**About this task**
The task calls for each line of the records below in which the word "brevity" appears.

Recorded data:
○ ○ ○
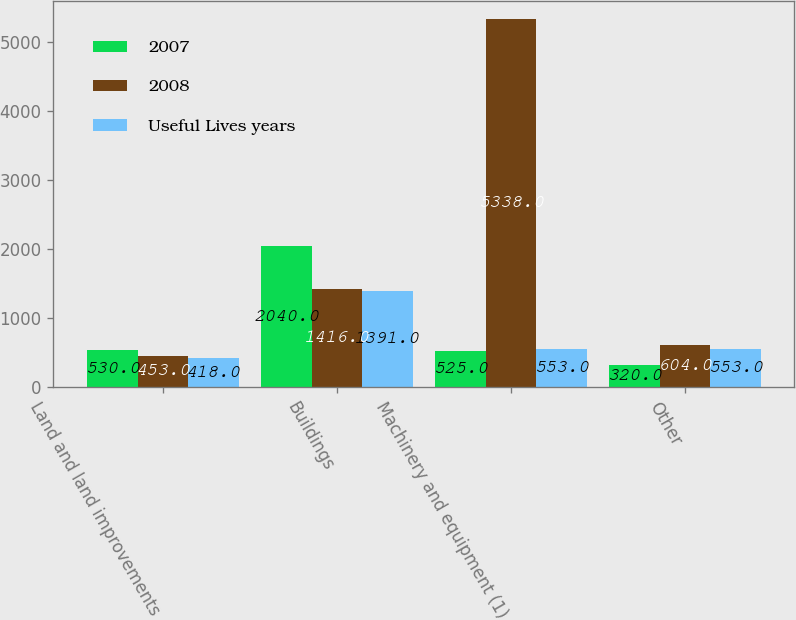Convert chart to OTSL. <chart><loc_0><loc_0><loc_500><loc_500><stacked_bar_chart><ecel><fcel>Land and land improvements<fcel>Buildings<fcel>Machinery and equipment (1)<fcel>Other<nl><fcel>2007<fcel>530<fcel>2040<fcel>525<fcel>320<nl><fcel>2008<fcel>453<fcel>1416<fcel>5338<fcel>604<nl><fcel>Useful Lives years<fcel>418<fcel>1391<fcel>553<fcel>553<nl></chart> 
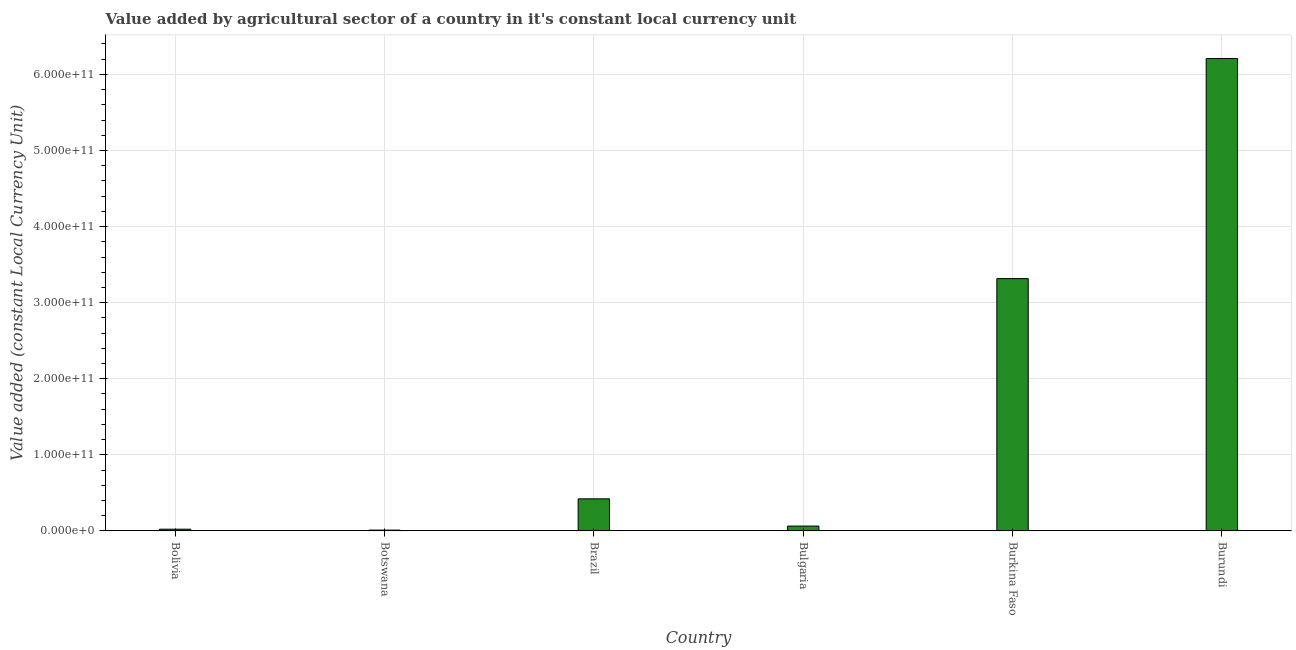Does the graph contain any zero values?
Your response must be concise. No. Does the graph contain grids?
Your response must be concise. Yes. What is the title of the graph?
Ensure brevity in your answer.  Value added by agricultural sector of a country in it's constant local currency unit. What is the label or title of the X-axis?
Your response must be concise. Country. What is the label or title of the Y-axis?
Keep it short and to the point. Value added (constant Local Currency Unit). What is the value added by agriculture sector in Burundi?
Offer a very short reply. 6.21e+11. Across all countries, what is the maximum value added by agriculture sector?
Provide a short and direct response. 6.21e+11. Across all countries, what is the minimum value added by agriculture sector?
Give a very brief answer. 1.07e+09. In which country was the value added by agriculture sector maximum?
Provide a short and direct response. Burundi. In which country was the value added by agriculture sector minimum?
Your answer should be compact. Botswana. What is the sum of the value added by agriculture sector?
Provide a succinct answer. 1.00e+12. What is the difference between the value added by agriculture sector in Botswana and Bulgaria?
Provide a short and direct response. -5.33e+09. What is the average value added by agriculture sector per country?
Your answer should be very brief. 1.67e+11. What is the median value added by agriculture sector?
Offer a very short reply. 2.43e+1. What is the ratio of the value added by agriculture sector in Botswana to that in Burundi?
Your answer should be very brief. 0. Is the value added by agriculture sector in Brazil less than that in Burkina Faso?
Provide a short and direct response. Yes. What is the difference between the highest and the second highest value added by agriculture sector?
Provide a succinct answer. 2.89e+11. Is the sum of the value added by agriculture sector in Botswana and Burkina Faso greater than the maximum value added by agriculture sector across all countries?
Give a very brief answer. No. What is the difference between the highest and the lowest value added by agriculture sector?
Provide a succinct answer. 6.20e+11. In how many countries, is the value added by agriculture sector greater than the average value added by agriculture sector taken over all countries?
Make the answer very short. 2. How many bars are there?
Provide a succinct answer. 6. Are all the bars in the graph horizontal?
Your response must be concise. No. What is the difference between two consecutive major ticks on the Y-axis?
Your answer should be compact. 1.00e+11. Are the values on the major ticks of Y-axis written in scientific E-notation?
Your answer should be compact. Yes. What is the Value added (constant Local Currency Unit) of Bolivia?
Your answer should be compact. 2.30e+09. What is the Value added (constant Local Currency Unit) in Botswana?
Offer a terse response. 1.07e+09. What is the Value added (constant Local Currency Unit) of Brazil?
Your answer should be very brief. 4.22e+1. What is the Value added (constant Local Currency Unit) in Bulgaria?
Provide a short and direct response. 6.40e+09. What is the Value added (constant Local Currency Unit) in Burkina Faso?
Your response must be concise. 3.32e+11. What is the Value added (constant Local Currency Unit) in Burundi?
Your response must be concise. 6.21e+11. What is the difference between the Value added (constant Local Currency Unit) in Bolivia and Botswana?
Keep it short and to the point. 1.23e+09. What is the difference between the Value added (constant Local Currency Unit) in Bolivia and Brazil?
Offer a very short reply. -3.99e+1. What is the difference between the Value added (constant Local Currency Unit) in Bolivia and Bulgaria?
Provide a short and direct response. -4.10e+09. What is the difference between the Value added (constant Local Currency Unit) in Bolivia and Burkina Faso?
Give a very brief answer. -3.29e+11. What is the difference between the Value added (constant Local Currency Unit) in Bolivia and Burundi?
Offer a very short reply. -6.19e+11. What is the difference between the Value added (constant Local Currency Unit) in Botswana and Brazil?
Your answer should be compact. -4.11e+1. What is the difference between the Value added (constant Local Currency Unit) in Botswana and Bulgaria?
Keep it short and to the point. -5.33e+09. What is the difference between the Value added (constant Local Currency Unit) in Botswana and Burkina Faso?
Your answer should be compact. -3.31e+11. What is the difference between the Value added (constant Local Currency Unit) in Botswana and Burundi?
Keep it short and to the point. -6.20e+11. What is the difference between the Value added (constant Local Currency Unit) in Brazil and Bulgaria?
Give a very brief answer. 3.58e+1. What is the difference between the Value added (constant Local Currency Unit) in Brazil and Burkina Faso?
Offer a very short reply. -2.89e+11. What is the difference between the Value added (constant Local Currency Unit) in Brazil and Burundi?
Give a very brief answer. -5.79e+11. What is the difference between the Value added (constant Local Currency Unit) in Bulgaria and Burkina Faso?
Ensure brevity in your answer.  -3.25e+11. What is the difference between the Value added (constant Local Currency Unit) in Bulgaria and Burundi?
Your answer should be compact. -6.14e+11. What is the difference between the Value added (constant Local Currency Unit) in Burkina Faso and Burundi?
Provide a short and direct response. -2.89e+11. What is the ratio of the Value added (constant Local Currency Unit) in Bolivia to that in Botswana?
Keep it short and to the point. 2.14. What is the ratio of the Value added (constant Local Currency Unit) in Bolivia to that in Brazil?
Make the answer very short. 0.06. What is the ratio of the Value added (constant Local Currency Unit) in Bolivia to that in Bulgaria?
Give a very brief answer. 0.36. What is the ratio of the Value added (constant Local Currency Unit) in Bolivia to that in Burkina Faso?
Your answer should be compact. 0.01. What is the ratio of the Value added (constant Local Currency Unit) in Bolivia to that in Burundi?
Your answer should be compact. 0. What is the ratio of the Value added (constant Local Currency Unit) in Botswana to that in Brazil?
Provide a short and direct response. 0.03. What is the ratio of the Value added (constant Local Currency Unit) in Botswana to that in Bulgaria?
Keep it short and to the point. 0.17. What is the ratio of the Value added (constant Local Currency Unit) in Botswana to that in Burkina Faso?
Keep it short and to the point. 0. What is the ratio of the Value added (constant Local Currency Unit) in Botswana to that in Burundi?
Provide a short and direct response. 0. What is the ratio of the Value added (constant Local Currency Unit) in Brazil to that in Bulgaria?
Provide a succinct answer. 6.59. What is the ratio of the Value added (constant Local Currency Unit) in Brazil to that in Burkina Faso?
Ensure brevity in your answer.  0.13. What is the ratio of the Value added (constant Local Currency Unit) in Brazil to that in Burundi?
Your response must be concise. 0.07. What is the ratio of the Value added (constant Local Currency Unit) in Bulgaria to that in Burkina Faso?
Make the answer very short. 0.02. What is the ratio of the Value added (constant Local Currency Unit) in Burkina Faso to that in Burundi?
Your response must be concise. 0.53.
○ ○ ○
**Written response**
Ensure brevity in your answer.  Value added by agricultural sector of a country in it's constant local currency unit. What is the label or title of the X-axis?
Ensure brevity in your answer.  -3.25e+11. What is the difference between the Value added (constant Local Currency Unit) in Bulgaria and Burundi?
Ensure brevity in your answer.  0.13. What is the ratio of the Value added (constant Local Currency Unit) in Brazil to that in Burundi?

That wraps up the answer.